* RECORD SET *
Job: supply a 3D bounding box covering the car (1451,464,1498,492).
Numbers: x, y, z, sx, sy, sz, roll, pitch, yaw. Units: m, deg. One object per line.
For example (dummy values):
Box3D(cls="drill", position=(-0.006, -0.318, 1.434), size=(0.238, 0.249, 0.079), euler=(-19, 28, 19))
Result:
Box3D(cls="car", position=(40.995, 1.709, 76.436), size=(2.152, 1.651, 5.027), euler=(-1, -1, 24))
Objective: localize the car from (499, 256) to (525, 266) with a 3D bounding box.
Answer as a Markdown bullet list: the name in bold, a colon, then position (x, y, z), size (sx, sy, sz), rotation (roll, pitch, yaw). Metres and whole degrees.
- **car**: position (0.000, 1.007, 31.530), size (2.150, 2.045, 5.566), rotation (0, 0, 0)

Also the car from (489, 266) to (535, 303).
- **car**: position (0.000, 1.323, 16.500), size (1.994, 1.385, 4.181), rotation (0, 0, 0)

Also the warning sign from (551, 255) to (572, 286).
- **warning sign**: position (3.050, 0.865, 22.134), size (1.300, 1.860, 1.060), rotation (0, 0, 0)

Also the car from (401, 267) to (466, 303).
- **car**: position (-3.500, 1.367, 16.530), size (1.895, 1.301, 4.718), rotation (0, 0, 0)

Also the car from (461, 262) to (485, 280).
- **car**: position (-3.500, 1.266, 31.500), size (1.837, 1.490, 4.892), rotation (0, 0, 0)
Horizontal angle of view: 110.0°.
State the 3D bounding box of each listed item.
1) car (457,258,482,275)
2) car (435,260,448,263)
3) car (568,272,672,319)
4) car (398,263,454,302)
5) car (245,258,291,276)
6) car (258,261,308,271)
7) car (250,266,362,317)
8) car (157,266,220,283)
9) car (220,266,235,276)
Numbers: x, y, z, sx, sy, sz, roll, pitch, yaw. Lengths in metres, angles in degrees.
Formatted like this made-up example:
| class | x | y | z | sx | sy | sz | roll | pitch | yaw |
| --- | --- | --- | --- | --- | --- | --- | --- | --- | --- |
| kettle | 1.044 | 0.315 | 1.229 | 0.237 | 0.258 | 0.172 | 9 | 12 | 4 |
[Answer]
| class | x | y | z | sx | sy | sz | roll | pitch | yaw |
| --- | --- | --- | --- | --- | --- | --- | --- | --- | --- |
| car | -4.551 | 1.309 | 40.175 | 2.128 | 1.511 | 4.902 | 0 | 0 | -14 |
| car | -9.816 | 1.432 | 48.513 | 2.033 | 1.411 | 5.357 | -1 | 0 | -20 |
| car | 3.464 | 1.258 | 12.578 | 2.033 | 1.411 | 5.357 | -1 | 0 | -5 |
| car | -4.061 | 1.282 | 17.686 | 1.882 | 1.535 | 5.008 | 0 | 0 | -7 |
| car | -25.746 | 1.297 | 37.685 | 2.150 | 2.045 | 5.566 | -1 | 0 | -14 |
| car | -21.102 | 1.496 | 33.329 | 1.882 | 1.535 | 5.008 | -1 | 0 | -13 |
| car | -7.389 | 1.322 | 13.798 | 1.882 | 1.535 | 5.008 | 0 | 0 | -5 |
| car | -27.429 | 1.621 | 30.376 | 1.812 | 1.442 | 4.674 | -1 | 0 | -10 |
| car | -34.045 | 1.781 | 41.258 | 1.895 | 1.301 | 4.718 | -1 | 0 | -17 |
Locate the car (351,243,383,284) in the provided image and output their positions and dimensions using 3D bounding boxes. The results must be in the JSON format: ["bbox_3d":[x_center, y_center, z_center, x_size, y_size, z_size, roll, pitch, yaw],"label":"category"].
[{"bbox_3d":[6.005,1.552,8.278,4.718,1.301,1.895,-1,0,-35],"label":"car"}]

* ACTIVITY *
Go through the entries above and report every line in which the word "Numbers" appears.

* SOLUTION TO THIS EXERCISE *
Numbers: x, y, z, sx, sy, sz, roll, pitch, yaw. Units: m, deg. One object per line.
Numbers: x, y, z, sx, sy, sz, roll, pitch, yaw. Lengths in metres, angles in degrees.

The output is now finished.